《めてみみ》客数は追わない

2023/08/04 06:24 更新


 「売上高はコロナ禍前水準まで回復してきた」。こう話す百貨店やSCが増えてきた。すでに、コロナ禍前実績を上回った施設や過去最高売上高を更新した都心施設もある。一方で、入店客数がコロナ禍前に回復した話はまだ聞かない。ある都心百貨店は、23年度に入っても入店客数は2割減が続く。

 自粛反動のリベンジ消費の継続、株高の消費マインド、円安によるインバウンド(訪日外国人)需要の拡大。この「三つの追い風」が客数が減っても売り上げを伸ばしている要因だと先の百貨店。富裕層に限らず、使用価値と資産価値のある高額品を志向するとも指摘していた。

 折り込みチラシなどのマス媒体やクーポン施策、駐車場割引サービスを大幅に減らしたものの、22年度は2期連続増収で23年度も伸ばしている地方百貨店もある。過去に重視していた価格訴求型の〝集客販促〟を修正する一方で、扱う商品やイベントの魅力を高める投資の継続が収益に貢献している。

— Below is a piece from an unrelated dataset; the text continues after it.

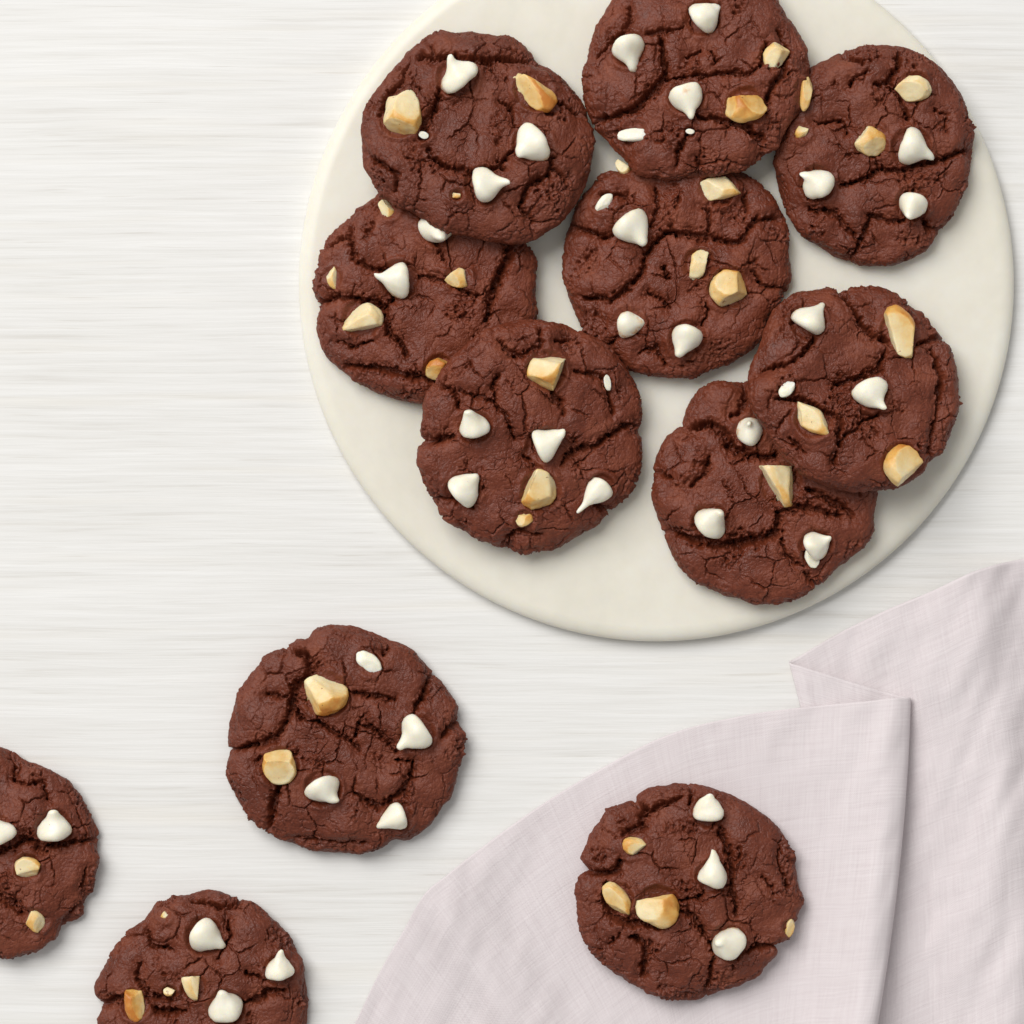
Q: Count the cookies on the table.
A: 12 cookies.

 「セール不振、プロパー好調」。かねてから指摘されてきた傾向は、今も続いている。「欲しい物」は価格に左右されずに購入しているわけだ。無理に客数を追いかけるのではなく、購買意欲を喚起する魅力あるコンテンツの提案に突き進む。以前の客数には戻らないにしても、結果は後からついてくるのではないか。